The firm uses premade synthetic oligos — double-stranded linear DNA between 20 and 30 base pairs — and combines them into longer molecules several hundred base pairs long. The sequence of these molecules designates a bit address and a complex mixture exists in each pool. "The fact a molecule was there means it's a one," Park explained. "If you don't read back the address it means it's a zero…You don't need a separate designation between addresses and the value."
So far, the team has encoded 14 gigabytes worth of Wikipedia data using its scheme and its prototype, dubbed Shannon, in honor of information theory pioneer Claude Shannon. The L-shaped machine takes up a room, measuring 14 feet by 12 feet. Using modified inkjet print heads, it deposits droplets containing DNA on a polymer "webbing," Catalog CTO Dave Turek explained, which are later pooled.
Data starts out digitally encoded, runs through several software filters and ends up in a test tube, where it can be extracted using next-generation sequencing. Shannon can write data at speeds of over 10 megabytes per second and can store up to 1.6 terabytes of compressed data in a single run. But the future of Shannon is unclear and Turek said the firm is not planning to mass produce them to ship to customer sites.
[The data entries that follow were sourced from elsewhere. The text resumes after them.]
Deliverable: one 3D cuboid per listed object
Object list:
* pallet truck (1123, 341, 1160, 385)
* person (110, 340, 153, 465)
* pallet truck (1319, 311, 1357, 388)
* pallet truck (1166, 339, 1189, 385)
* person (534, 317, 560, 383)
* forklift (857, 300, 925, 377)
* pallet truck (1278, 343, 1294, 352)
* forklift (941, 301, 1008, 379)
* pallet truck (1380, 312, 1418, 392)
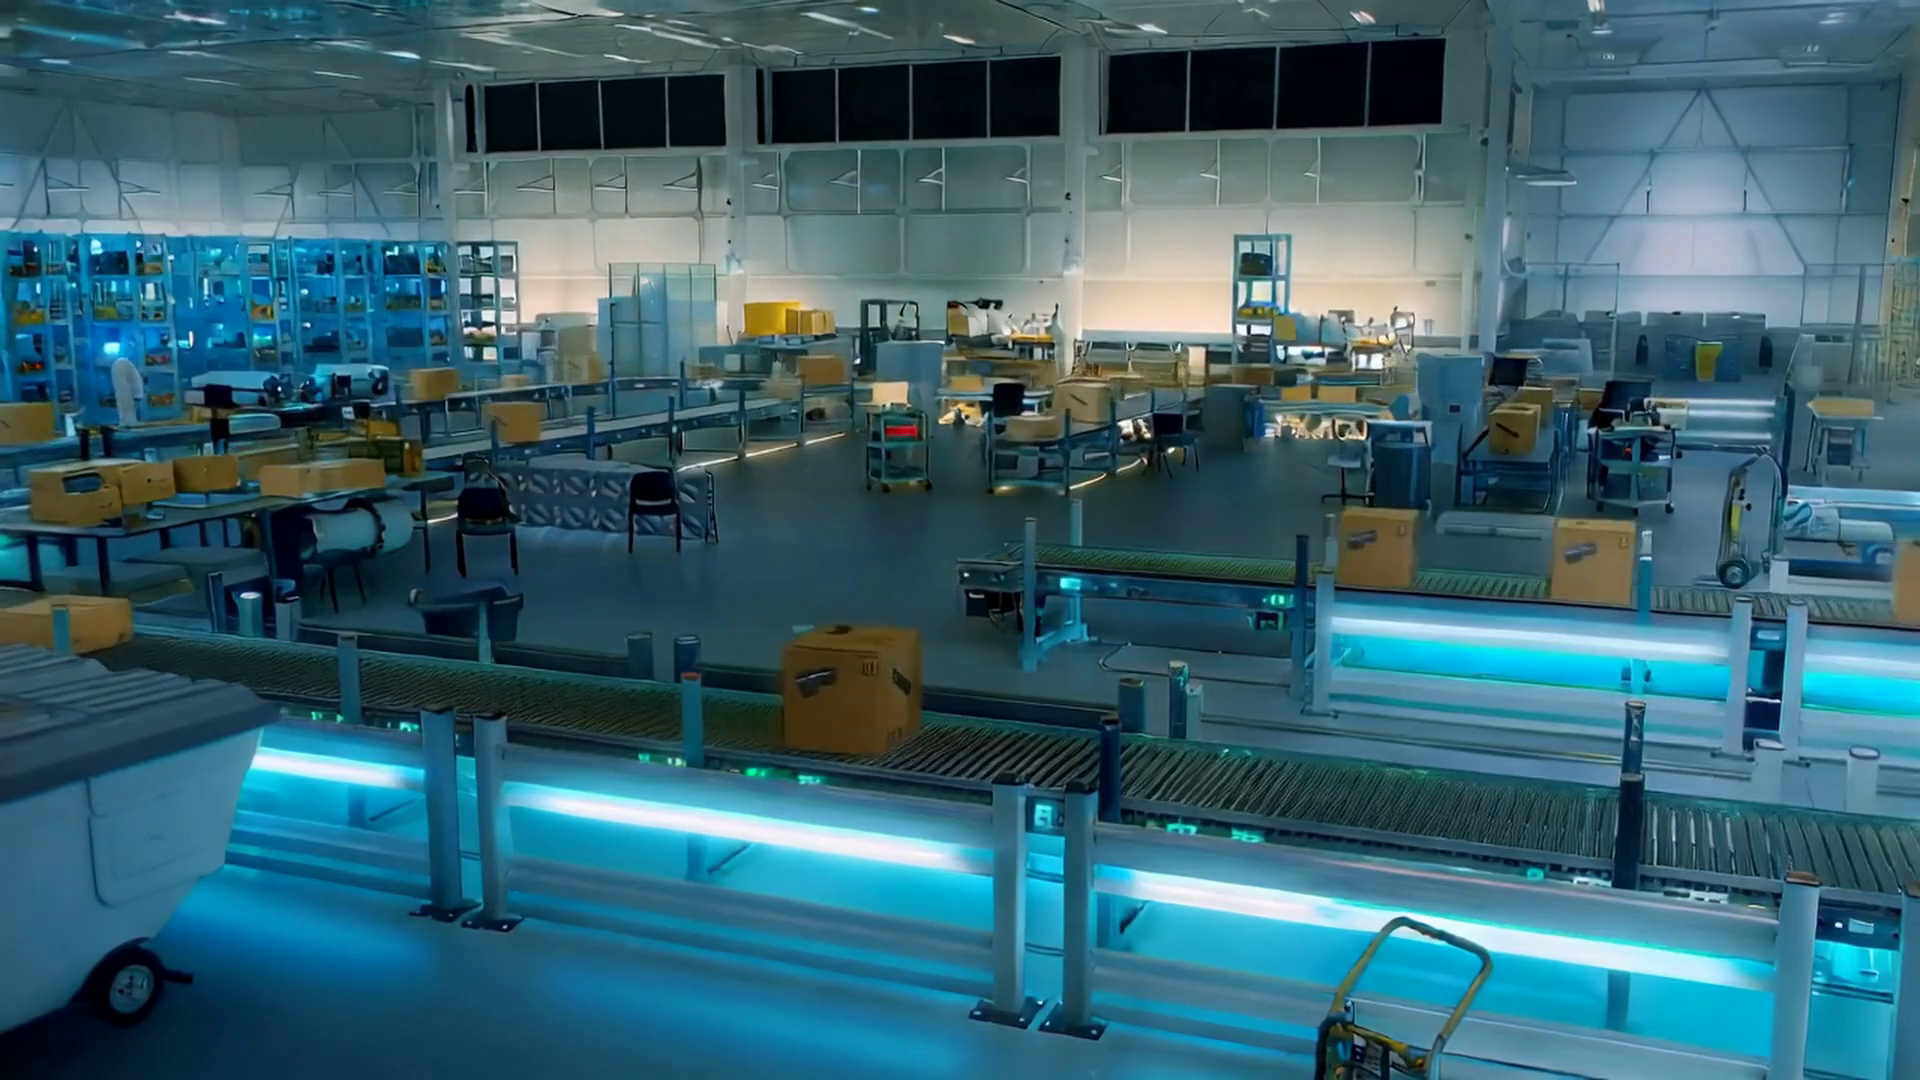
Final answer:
[{"bbox_3d":[4.445,-4.380,41.279,0.680,1.201,1.601,4,10,22],"label":"pallet truck"},{"bbox_3d":[-12.537,-2.058,25.147,0.641,1.913,0.407,8,12,41],"label":"person"},{"bbox_3d":[9.071,-4.419,39.190,0.823,1.965,1.885,5,10,26],"label":"pallet truck"},{"bbox_3d":[5.418,-4.269,40.420,0.704,1.261,1.522,3,10,20],"label":"pallet truck"},{"bbox_3d":[-9.968,-4.473,40.094,0.629,1.800,0.776,-4,10,-21],"label":"person"},{"bbox_3d":[-1.732,-5.109,42.468,1.157,1.987,2.680,4,10,22],"label":"forklift"},{"bbox_3d":[7.886,-4.163,39.743,0.653,1.274,1.630,4,10,22],"label":"pallet truck"},{"bbox_3d":[0.365,-4.966,41.571,1.157,1.987,2.680,3,10,20],"label":"forklift"},{"bbox_3d":[10.207,-4.283,38.369,0.823,1.965,1.885,3,10,20],"label":"pallet truck"}]

The pilot projects will also help Catalog determine whether the market is more in need of products or services.
For reading data, Catalog primarily uses nanopore sequencers, including the PromethIon, because it needs to analyze molecules longer than what many short-read Illumina platforms can sequence directly and the data format can tolerate lower fidelity to gain higher throughput.
In addition to providing archival storage, DNA-based data could be embedded into glass or other materials, Heudecker said, potentially surreptitiously. DNA could be used to ensure authenticity or provenance or used to encode instructions.
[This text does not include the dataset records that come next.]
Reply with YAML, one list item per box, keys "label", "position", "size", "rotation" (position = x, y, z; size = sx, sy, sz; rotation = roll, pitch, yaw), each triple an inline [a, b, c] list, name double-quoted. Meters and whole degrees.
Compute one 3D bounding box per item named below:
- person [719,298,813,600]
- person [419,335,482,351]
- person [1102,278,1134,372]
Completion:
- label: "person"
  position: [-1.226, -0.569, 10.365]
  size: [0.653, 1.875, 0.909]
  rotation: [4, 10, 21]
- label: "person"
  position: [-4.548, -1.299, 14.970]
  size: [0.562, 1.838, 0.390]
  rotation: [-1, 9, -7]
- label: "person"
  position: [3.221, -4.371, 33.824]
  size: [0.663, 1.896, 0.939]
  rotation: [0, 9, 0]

Some use cases verge on science fiction. "If we're going to send people to Mars, we'd want to equip them with the most important knowledge," Park said. "The only way to send that much information would be something like DNA. Going the other direction, a space probe could collect loads of information and send that back to Earth.
But Catalog's future isn't just on the final frontier. The company plans to enable computing to be done on the data stored in DNA, achieved with the use of enzymes and molecular processes.
It's the "opposite end of the spectrum from quantum computing, which is very complex, but can only be done on small amounts of data," Heudecker said. The complexity of operations that could be performed "will be less than what you find in traditional or quantum computing options, but the volume of data and [low] power consumption makes it much more competitive for a variety of use cases," he said.
In cases where you might want to perform the same operation across huge volumes of data, DNA-based computing could be the only way to do it. Pattern matching within datasets or searching over large amounts of unstructured data are two potential use cases for such technology. And the low power consumption of a DNA-based computer could make it appealing to people developing machine learning algorithms, where vast amounts of data are needed to train models.
Park said Catalog is already on its way to creating a working DNA-based computing architecture, having proven it can do random-access memory and duplicate data.
DNA-based data storage still needs to see improvements on the write and read steps, Heudecker said, noting that progress in DNA synthesis hasn't seen the same leaps made by sequencers. But he expects the field to progress in the next decade, with commercially viable DNA-based data storage solutions appearing in as soon as two to three years. "We're probably a decade away from commercial DNA computing where you're processing that data as well," he said.